RELATIVE TO THE CHURCH.

HOUSE OF LORDS. April 2, 1824.

UNITARIAN MARRIAGES.

THE order of the day for the second reading of the Unitarian marriage relief Bill being read,

The Marquis of Lansdowne rose and said, This Bill originated in petitions which had been presented from the Dissenters in the last session of Parliament, in which they complained of the necessity they were under, as the law now stood, of taking a share in the celebration of the marriage ceremony, to which they could not in conscience assent. He therefore proposed in the Bill, now before the house, that the Dissenters, commonly called Unitarians, might, under certain regulations, be married in their own chapels, having previously given security to the Church for the publication of banns, and the payment of fees due to the Church. The Bill went on to provide, that the Protestant Dissenters, commonly called Unitarians, might be registered, and after being so registered, for not less than a year, their marriage might be celebrated in their own chapels. It was also provided, that ministers should be punishable if they celebrated any marriage contrary to the act, and he should have no objection that transportation should be the punishment assigned for it. Although the publication of banns was perhaps the best security against clandestine marriages, yet, if any other should be thought preferable, such as registering the intended marriage, he should not object to it. The noble Marquis concluded by moving that the Bill be read a second time.

The Archbishop of Canterbury said, if the relief sought was to be obtained by removing the scruples from one description of men to lay them on another-from the smaller number to the larger-from the Unitarian Dissenter to the members of the Established Church-he should certainly have objected to it. It had been urged that it was extraordinary that this favour should be proposed to be granted to Unitarian dissenters, and yet refused to others: but the ground on which the Legislature was to proceed was not favour, but a regard to conscientious scruples; and where they existed, there was certainly a claim to relief. The claim of Dissenters in general was not rested on conscience, but on objections taken to certain forms and ceremonies. He hoped that security would be given to the public at large, and with this expectation he would support the Bill.

The Lord Chancellor expressed his regret in differing from the opinion of the most reverend prelate, for whom he had the highest respect. The great objection which he had to the Bill was, that the doctrine of the Trinity was that of the Church of England, and those who denied it must have a system as different as light and dark. Without entering into a consideration of the particular clauses, he would observe that it was a Bill to make the Church of England servants of those who denied its first doctrines. He would again repeat, that his objection to the Bill was this-that if one doctrine was more essential to the Church of England than another, it was the doctrine of the Trinity; and in what a

situation would it stand, if it were to be subservient to that which was stated to be the greatest heresy against it?

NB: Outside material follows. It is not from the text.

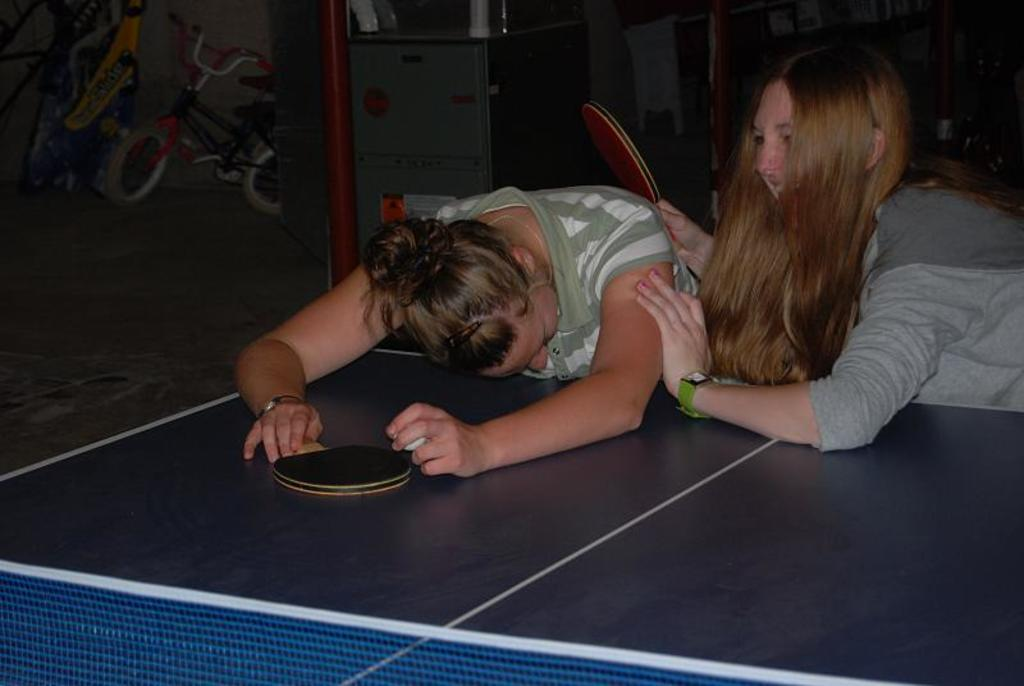How many people are in the image? There are two women in the image. What are the women holding in the image? The women are holding table tennis bats. What object is present that is typically used for playing table tennis? There is a table tennis table in the image. What type of verse can be heard being recited by the women in the image? There is no indication in the image that the women are reciting any verses.

The Earl of Harrowby said, there was one ground upon which he felt a considerable objection to the Bill, and that was the proposition for granting licences by the authorityTM of the Church, for the marriages of Dissenters, and the payment of fees. He would, however, vote for the committee, but if it should be proposed to pass the Bill as it now stood, he, for one, would oppose it.

Lord Calthorpe thought the Church owed it to herself to shew that her strength and security were not derived from doing violence to the consciences of Dissenters, and voted for the second reading of the Bill.

Lord Liverpool said he should vote for the Bill going into a committee, but that he had no hesitation in saying, if it came out of the committee in the shape it now was, he should oppose it. He was prepared to give relief where both the parties were Unitarians, but not where one was of the National Church. If it were so amended he should give his consent to it.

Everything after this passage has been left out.